The ID mapping file contains a mapping from the Internet Archive identifier to the Open Library Identifier. This is used in accessing the covers for the books display, which are accessed via the Open Library covers interface. A link to the cover is created by mapping the IA identifier contained in the search result CSV file to the OLID, then accessing the cover using the Open Library covers API. The IACL collection mapping was supplied to the project through prior involvement with another open source project [3]. To determine how to create such a mapping, refer to the Open Library API documentation. The mapping file is formatted as follows: <OLID field> <IAID field>, one entry per line. This file should be named iaclBookList.txt and is included in the run directory.

Installation

Install the tools by downloading and unzipping the distribution archive. It's recommended you do this in a dedicated directory to avoid overwriting files.

Usage

As packaged, the tool will generate the collection interface for web-based access. To generate an attached storage-based collection interface, see section 5.1 below. Each time the tool is run, delete *.html and *.js in the run directory, because the tool appends to the output files if they exist. The usage is:

Python genCollectionInterface.py <CSVfile> <categoryfile>

To ensure the tool is working, you can make a run using our data as follows:

 genCollectionInterface.py search.CSV categories.txt 

You will see numerous messages as the files are parsed and output is generated, when the process is completed, there will be a directory full of HTML and JavaScript files. The ones used for the interface are called <Category>Category.html, for example "Adventure and AdventurersCategory.html", or for JavaScript files, <Category>ToolTip.js, for example "Adventure and AdventurersToolTip.js" There's also a "catchall" category: "Other", where anything not in the categories.txt will go.
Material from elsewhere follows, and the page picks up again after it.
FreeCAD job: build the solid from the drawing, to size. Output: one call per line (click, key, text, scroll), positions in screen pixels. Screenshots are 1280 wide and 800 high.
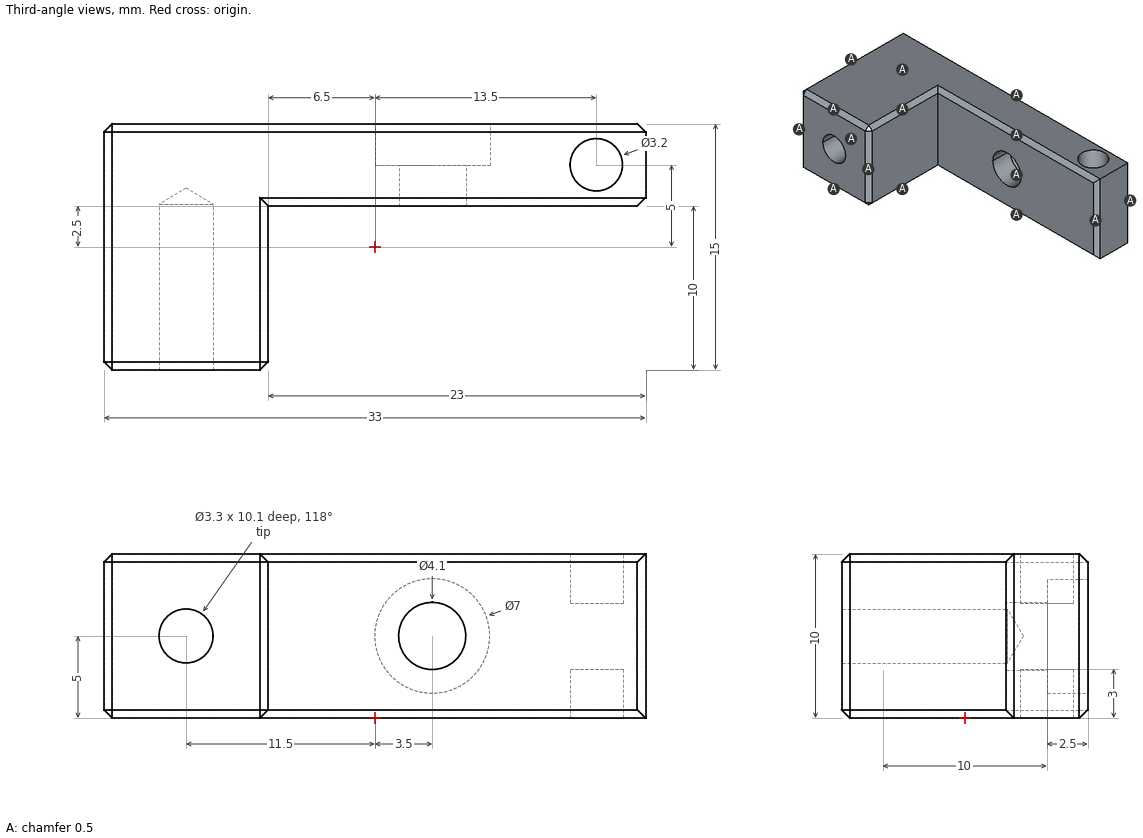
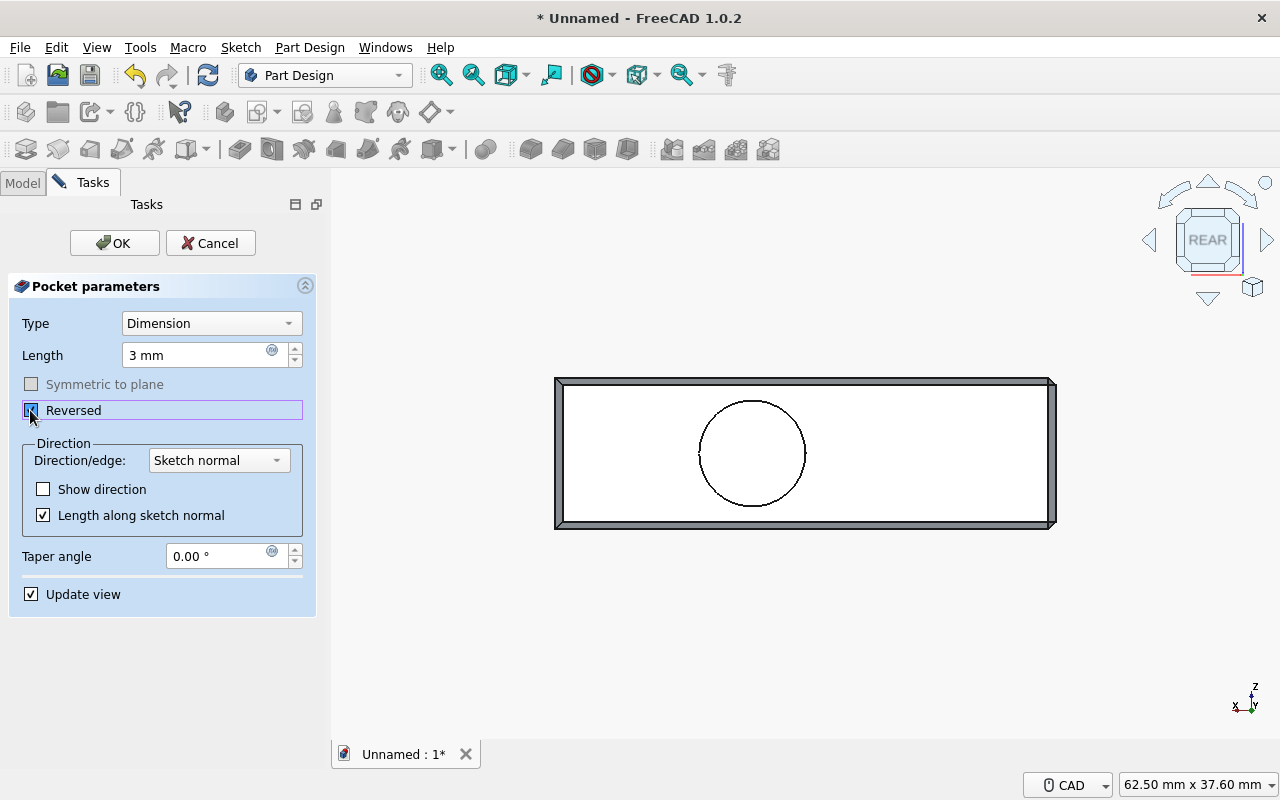
click(115, 243)
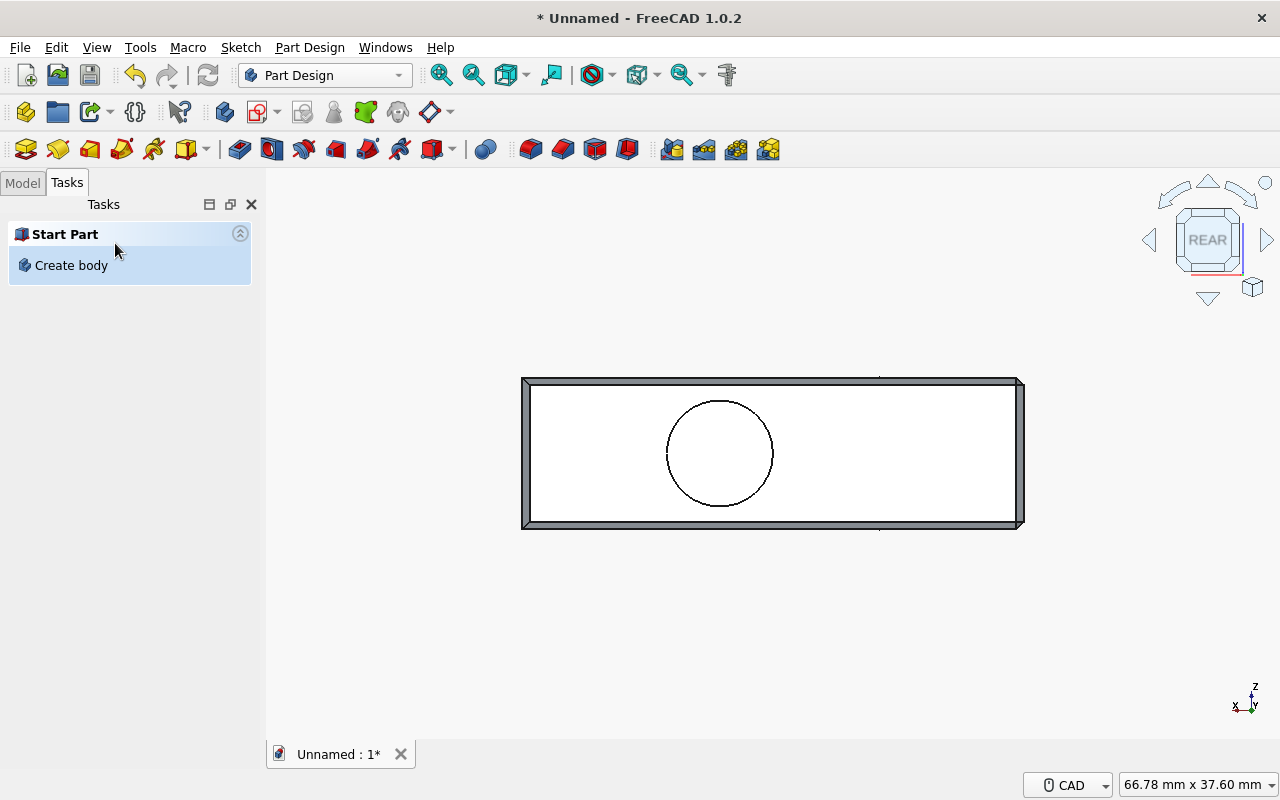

Lastly, there's an "index.html" which is simply a list of links to the other files and may be used as a starting point for building a "category list" page, as that is not autogenerated.

Generating the attached storage interface

To generate the attached storage solution so that the collection may be accessed without a web connection, run the tool with the "-attached-storage" option. This will generate output files with the links set to download the books off the attached storage, which must be mounted on /media/LIB. On the XO, this means that you are using a USB flash drive for the attached storage and have named the volume LIB when you created it. The DJVU files should be in a /djvu subdirectory on the attached storage. There is a downloader tool that will download all the books in the collection, bookdownload.py, and another that will download all the covers, coverdownload.py. Once the downloads are completed copy all the books to the attached storage /media/LIB/djvu, and the covers to /media/lib/covers.

This solution would probably work on many installations of Linux, but very likely you'd have to change the code to reflect other storage naming conventions on other platforms, especially Windows where the paths have drive letters.

About The Collection

The Internet Archive Children's Library is a digital repository of over 3,300 digital public domain books for children from around the world. The Rural Design Collective selected a subset of these books and created a child-friendly user interface for the OLPC XO as part of their 2009 Summer Mentoring Program.